So when you make a phone call you sent it through a series of wires or bounce it off of a series of satellites run by the phone company that send your call to where you want it to go allowing you to use a phone.

When you play an always online DRM videogame you send data packets to a server run by whatever company is running it, and they send back an activation signal.

It's not exactly the same but it is pretty close and it completely invalidates your statement/comparison.

Magmarock:
and I don't connect my TV to the internet to use it either.

You don't? I certainly do. Commercials are for plebes.

Magmarock:
DRM servs the publishers not the consumers.

Publishers serve the consumers. That's what a business is. They make things that consumers want and we buy them. And without their capital we wouldn't have the games we do.

Magmarock:
As for lively hoods, well if you're lively hood involves taking away the rights of others then I can't see see myself defending it.

What rights have been taken away? You're making things up that don't exist. Just because you want something to be real doesn't mean that it is.

There are no protections in the constitution guaranteeing you don't have to license a product to use it.

There are no protections in the amendments about such rights.

There are no such protections in the consumer protection laws.

The Supreme Court of the United States says you do not have any such right.

You're literally just imagining some right that does not exist and saying 'o my God the corperashuns is taking mai rigtes.' The same thing is happening to me bro. Corporations already are infringing on my right to wander around in their factories taking notes. It's like man isn't this a free country? Lyke why can't I walk anywhere I want? Capitalist pigs.

Magmarock:
It's like saying "yeah he's a thief but that's his lively hood you know."

No it isn't. There is no comparison to be made. You have paid money for a license to use a product. They don't take that product away from you in pretty much any cases, because they are not assholes.

If you metaphor was to be even remotely accurate the thief would have to sell you a product then totally let you use it according to the agreement you made with him without infringing on your use of it. That doesn't sound like a thief at all. Probably because it isn't one.

Magmarock:
Game publishers have been getting more and more desperate to ruin consumer rights (remember SOPA and PIPA) and I am no longer connived piracy has anything to do with it.

Yes and it got shot down so what is your point? Lets go through some of my own.

1) Game publishers are not congress. Congress submitted this law not the publishers.

2) Congress and the game publishers aren't the only people allowed to do anything. This is a system of checks and balances that push the country towards the middle point. Which is why it didn't pass.

3) If it did pass it is subject to judicial review which could very very easily have found against it for any myriad of reasons such as violation of the right to free speech(which is an actual right. Like from the constitution and everything. I didn't make it up like some people.)

Magmarock:
I think it's more to do with killing the competition of self publishing.

And how would it do this?

Copyrighted unique material created by private developers with intent to distribute it through their own website can't be infringed on unless it was like a game about fucking children or something. And even then it would probably have to include pictures of actual children.

Magmarock:
This kind of business practice leads to so many probables and you're not helping annoying by apologizing for it.

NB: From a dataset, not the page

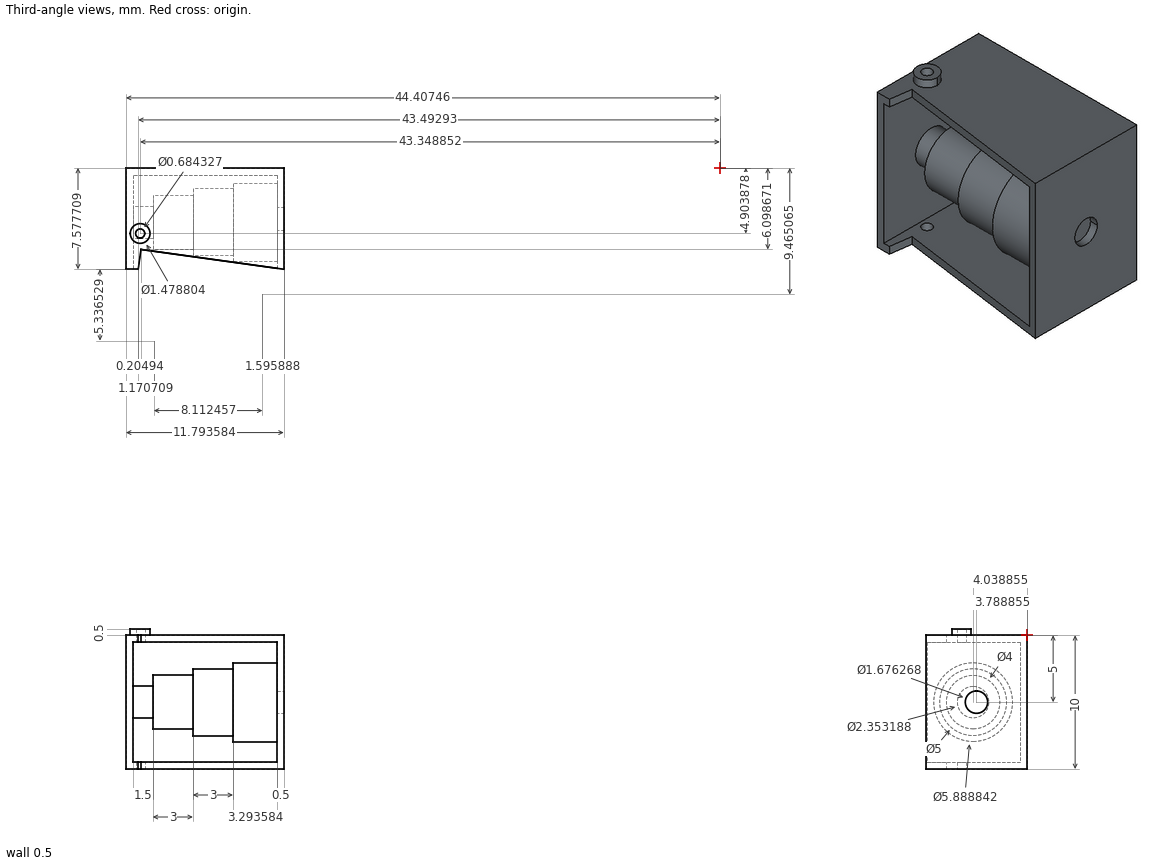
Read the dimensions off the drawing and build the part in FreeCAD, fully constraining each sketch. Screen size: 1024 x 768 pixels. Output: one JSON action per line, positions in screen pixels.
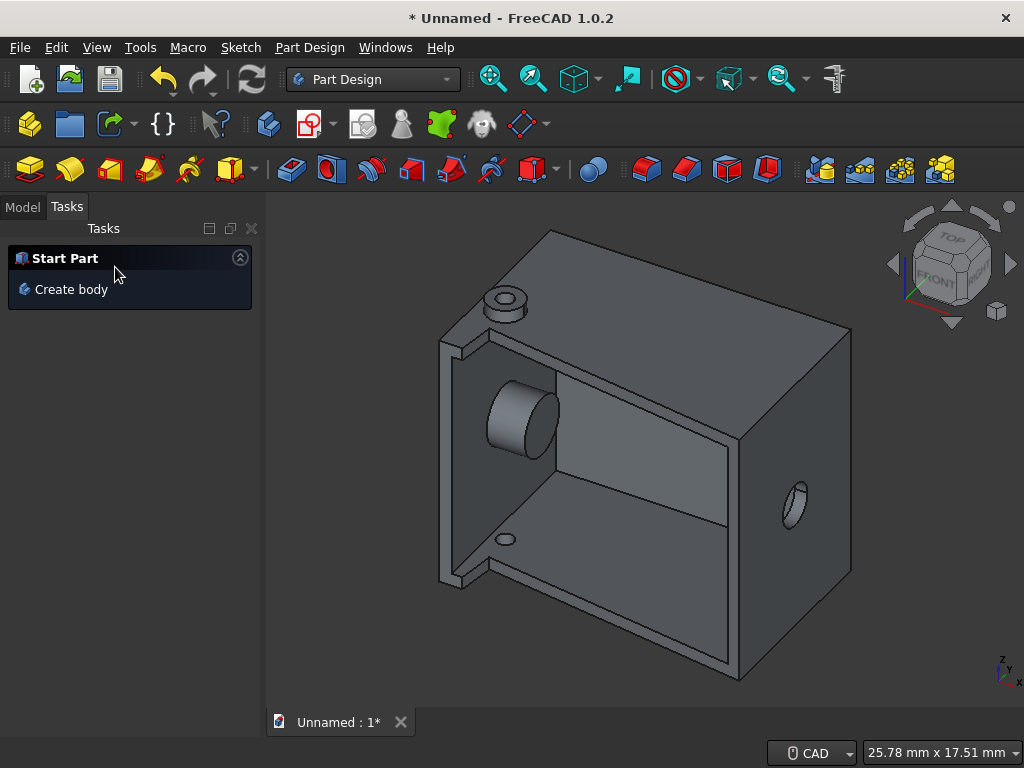
{"action": "left_click", "coordinate": [542, 425]}

Again, with the not reading.

Apologizing would be "yeah man I know they steal your games and you are totally right but I'm sorry that they are doing that and they don't mean nothing by it."

This is not an apology. The last post was not an apology. And pointing out that you are wrong might be annoying to you; but I'm sorry, because you're wrong. Being correct in the future will probably make things less 'annoying' for you. Publishers aren't stealing your games; point me to one time when someone was locked out of their games without illegally using chargeback to steal from the developer/publisher. You're imagining rights that don't exist, that high courts around the world have said don't exist. Point me to the law that says you have whatever consumer rights you think you have.

Oh and pro tip bro, you should read GOGs ToS some time. Boy are you in for a disappointment.

Oh for crying out loud. What's annoying me is that you're taking any of this in. I don't care what GOG's terms of service are, I can keep my games from GOG I can't from Steam it's as simple as that.

As for the law that points out consumer rights, well I do happen to have a case for you. The case of iinet an Australian based ISP that was being sued by 7 Hollywood studios for allying it's users to access the pirate bay. In the USA ISP are forced to block such websites.

The supreme court ruled in favor of iinet unanimously stating that an ISP can not and will not be held accountable for the actions of their users. This was a victory for not only national business rights but also consumer rights. Another consumer right is your right to return and or get refunded over defective goods or goods there were purchased under false advertising. In other words if you by an xbox 360 and it red rings outside of warranty you still have the right to get a refund for it due to the manufacturing fault.

Granted you do have to jump though some hoops, but no matter what the warranty says if you buy some that breaks inside of 3 ears due to a manufacturing fault you are entitled to a refund that is your right here.

Magmarock:

Oh for crying out loud. What's annoying me is that you're taking any of this in. I don't care what GOG's terms of service are, I can keep my games from GOG I can't from Steam it's as simple as that.

You can 'keep' your games from both services. Just because they don't have DRM doesn't change the licensing rights for anything that isn't freeware.

Also I'm not even sure what "What's annoying me is that you're taking any of this in" even means. It annoys you that I'm taking what in? You aren't completing the thought(which isn't surprising.)

Magmarock:
As for the law that points out consumer rights, well I do happen to have a case for you. The case of iinet an Australian based ISP that was being sued by 7 Hollywood studios for allying it's users to access the pirate bay. In the USA ISP are forced to block such websites.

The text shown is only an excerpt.